The timeline of solar neutrinos and their discovery dates back to the 1960s, beginning with the two astrophysicists John N. Bahcall and Raymond Davis Jr. The experiment, known as the Homestake experiment, named after the town in which it was conducted (Homestake, South Dakota), aimed to count the solar neutrinos arriving at Earth. Bahcall, using a solar model he developed, came to the conclusion that the most effective way to study solar neutrinos would be via the chlorine-argon reaction. Using his model, Bahcall was able to calculate the number of neutrinos expected to arrive at Earth from the Sun.

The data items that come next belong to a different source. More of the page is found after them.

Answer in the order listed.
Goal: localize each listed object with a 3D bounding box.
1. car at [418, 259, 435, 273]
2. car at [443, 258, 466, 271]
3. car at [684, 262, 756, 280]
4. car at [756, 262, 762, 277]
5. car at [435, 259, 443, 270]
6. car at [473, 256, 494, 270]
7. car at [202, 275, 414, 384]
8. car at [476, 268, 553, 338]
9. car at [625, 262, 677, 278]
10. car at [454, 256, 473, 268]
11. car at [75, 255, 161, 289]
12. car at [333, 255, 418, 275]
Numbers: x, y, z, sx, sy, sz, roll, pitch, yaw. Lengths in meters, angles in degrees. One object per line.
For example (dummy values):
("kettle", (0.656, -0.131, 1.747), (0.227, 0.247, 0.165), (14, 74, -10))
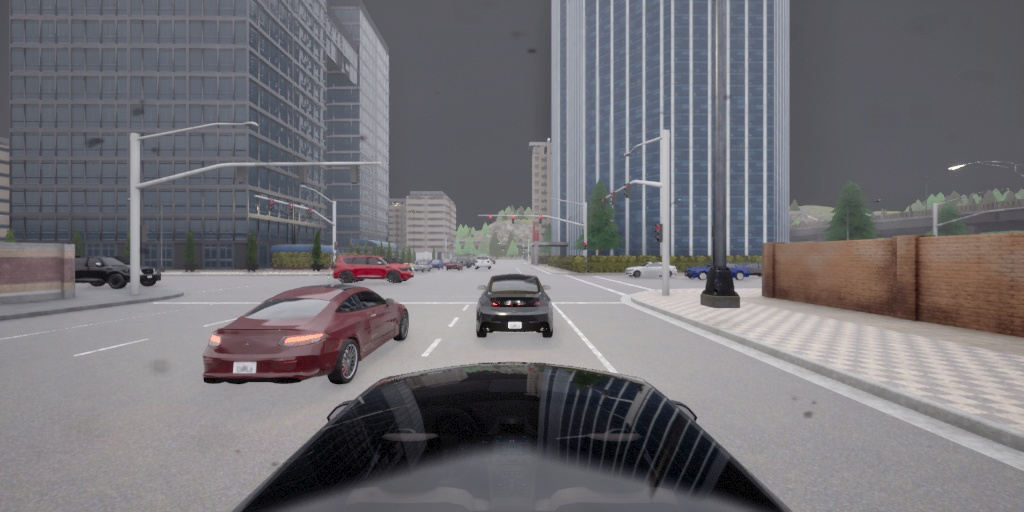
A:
("car", (-11.396, 1.351, 44.402), (1.895, 1.301, 4.718), (0, 0, 1))
("car", (-7.913, 1.350, 49.609), (1.895, 1.301, 4.718), (0, 0, -1))
("car", (17.209, 1.227, 30.237), (5.008, 1.535, 1.882), (0, 0, -1))
("car", (22.613, 1.297, 33.786), (5.357, 1.411, 2.033), (0, 0, -1))
("car", (-11.474, 1.227, 53.794), (1.882, 1.535, 5.008), (0, 0, -1))
("car", (-4.285, 0.971, 54.312), (2.150, 2.045, 5.566), (0, 0, -2))
("car", (-3.438, 1.276, 6.926), (1.812, 1.442, 4.674), (0, 0, 0))
("car", (0.064, 1.255, 10.192), (1.837, 1.490, 4.892), (0, 0, 0))
("car", (13.026, 1.275, 33.681), (4.674, 1.442, 1.812), (0, 0, 1))
("car", (-8.051, 0.971, 59.403), (2.150, 2.045, 5.566), (0, 0, -1))
("car", (-25.666, 0.972, 22.641), (5.566, 2.045, 2.150), (0, 0, -1))
("car", (-10.131, 0.970, 26.286), (5.566, 2.045, 2.150), (0, 0, -1))

Once the theoretical value was determined, the astrophysicists began pursuing experimental confirmation. Davis developed the idea of taking hundreds of thousands of liters of perchloroethylene, a chemical compound made up of carbon and chlorine, and searching for neutrinos using a chlorine-argon detector. The process was conducted very far underground, hence the decision to conduct the experiment in Homestake as the town was home to the Homestake Gold Mine. By conducting the experiment deep underground, Bahcall and Davis were able to avoid cosmic ray interactions which could affect the process and results. The entire experiment lasted several years as it was able to detect only a few chlorine to argon conversions each day, and the first results were not yielded by the team until 1968. To their surprise, the experimental value of the solar neutrinos present was less than 20% of the theoretical value Bahcall calculated. At the time, it was unknown if there was an error with the experiment or with the calculations, or if Bahcall and Davis did not account for all variables, but this discrepancy gave birth to what became known as the solar neutrino problem.

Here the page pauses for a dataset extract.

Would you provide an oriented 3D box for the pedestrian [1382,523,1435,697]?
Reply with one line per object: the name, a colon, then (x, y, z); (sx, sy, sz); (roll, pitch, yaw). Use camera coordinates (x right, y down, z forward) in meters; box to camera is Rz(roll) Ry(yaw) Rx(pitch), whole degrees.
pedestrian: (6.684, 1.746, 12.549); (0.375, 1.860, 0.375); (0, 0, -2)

=== Further experimentation ===
Davis and Bahcall continued their work to understand where they may have gone wrong or what they were missing, along with other astrophysicists who also did their own research on the subject. Many reviewed and redid Bahcall's calculations in the 1970s and 1980s, and although there was more data making the results more precise, the difference still remained. Davis even repeated his experiment changing the sensitivity and other factors to make sure nothing was overlooked, but he found nothing and the results still showed "missing" neutrinos. By the end of the 1970s, the widely expected result was the experimental data yielded about 39% of the calculated number of neutrinos. In 1969, Bruno Pontecorvo, an Italo-Russian astrophysicist, suggested a new idea that maybe we do not quite understand neutrinos like we think we do, and that neutrinos could change in some way, meaning the neutrinos that are released by the sun changed form and were no longer neutrinos the way neutrinos were thought of by the time they reached Earth where the experiment was conducted. This theory Pontecorvo had would make sense in accounting for the discrepancy between the experimental and theoretical results that persisted.

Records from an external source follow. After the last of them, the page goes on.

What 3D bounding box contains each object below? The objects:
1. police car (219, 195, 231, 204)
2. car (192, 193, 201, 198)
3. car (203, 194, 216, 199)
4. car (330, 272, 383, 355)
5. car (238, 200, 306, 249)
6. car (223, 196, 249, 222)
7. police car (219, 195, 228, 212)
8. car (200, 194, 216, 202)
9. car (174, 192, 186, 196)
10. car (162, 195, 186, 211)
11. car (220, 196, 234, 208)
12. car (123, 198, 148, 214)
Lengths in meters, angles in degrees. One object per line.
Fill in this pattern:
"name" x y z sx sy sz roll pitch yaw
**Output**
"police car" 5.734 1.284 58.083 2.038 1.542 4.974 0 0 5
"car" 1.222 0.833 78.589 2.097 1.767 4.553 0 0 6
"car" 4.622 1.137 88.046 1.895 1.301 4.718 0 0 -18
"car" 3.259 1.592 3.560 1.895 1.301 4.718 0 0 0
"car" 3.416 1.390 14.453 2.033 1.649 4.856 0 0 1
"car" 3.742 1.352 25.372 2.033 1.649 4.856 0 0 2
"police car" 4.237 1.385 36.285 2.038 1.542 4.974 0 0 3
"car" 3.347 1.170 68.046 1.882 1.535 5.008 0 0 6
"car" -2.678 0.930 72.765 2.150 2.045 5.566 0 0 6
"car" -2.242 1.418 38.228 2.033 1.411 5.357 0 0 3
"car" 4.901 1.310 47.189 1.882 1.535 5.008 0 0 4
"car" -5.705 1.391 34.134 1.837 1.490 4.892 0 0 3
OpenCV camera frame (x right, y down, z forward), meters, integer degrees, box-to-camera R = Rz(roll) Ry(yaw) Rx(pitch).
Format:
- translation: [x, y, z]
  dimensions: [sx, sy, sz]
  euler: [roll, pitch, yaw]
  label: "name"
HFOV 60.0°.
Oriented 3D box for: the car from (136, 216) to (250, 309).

=== Solution to solar neutrino problem ===

Pontecorvo was never able to prove his theory, but he was on to something with his thinking. In 2002, results from an experiment conducted 2100 meters underground at the Sudbury Neutrino Observatory proved and supported Pontecorvo's theory and discovered that neutrinos released from the Sun can in fact change form or flavor because they are not completely massless. This discovery of neutrino oscillation solved the solar neutrino problem, nearly 40 years after Davis and Bahcall began studying solar neutrinos.

== Neutrino observatories ==

=== Super-Kamiokande ===

The Super-Kamiokande is a 50,000 ton water Cherenkov detector 2700 m underground. The primary uses for this detector in Japan in addition to neutrino observation is cosmic ray observation as well as searching for proton decay. In 1998, the Super-Kamiokande was the site of the Super-Kamiokande experiment which led to the discovery of neutrino oscillation, the process by neutrinos change their flavor, either to electron, muon or tau.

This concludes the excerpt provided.